Each line of the data below that includes the string "corner" must be copied.
-.-.-
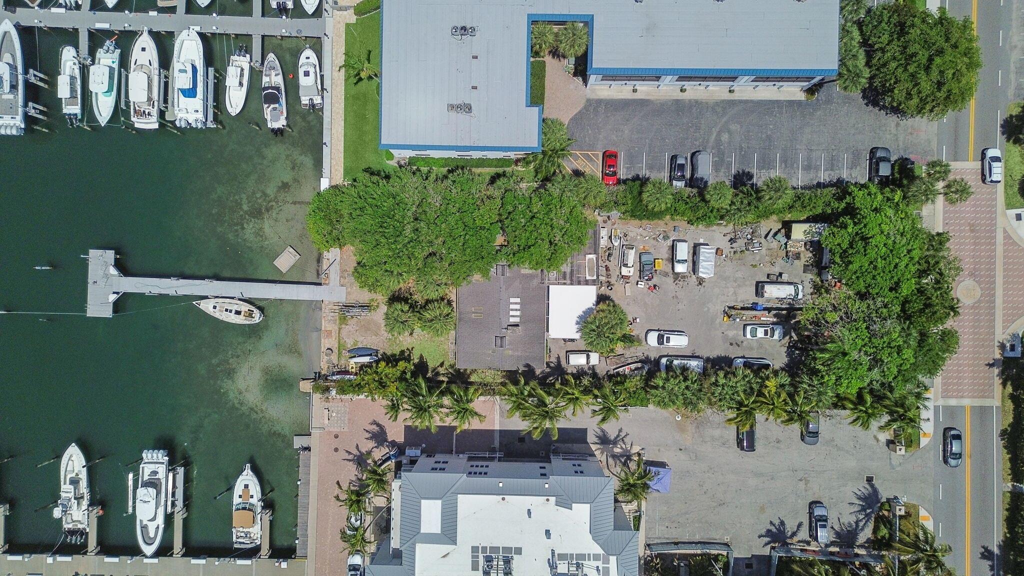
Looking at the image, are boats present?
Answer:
Yes
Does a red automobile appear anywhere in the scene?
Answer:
Yes
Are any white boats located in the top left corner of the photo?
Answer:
Yes
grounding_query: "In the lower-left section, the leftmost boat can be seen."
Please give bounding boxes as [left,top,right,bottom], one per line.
[53,444,93,539]
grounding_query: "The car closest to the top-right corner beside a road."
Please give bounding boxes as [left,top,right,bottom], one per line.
[979,148,1003,187]
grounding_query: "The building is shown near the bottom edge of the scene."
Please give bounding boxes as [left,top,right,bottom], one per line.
[364,449,640,576]
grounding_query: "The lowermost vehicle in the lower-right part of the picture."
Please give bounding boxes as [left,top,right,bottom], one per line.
[807,500,830,544]
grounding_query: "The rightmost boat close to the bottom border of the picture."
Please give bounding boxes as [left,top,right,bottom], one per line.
[232,464,262,548]
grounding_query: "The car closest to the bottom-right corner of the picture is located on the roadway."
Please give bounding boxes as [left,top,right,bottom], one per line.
[941,426,963,467]
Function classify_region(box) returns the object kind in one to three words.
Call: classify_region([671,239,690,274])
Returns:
car
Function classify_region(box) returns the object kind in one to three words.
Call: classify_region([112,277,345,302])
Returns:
pier
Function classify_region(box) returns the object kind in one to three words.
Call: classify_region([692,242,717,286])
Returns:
trailer
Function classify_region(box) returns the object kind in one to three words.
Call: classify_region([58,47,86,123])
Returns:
boat
-.-.-
● **Output below**
Are any white boats located in the top left corner of the photo?
grounding_query: "The car closest to the top-right corner beside a road."
grounding_query: "The car closest to the bottom-right corner of the picture is located on the roadway."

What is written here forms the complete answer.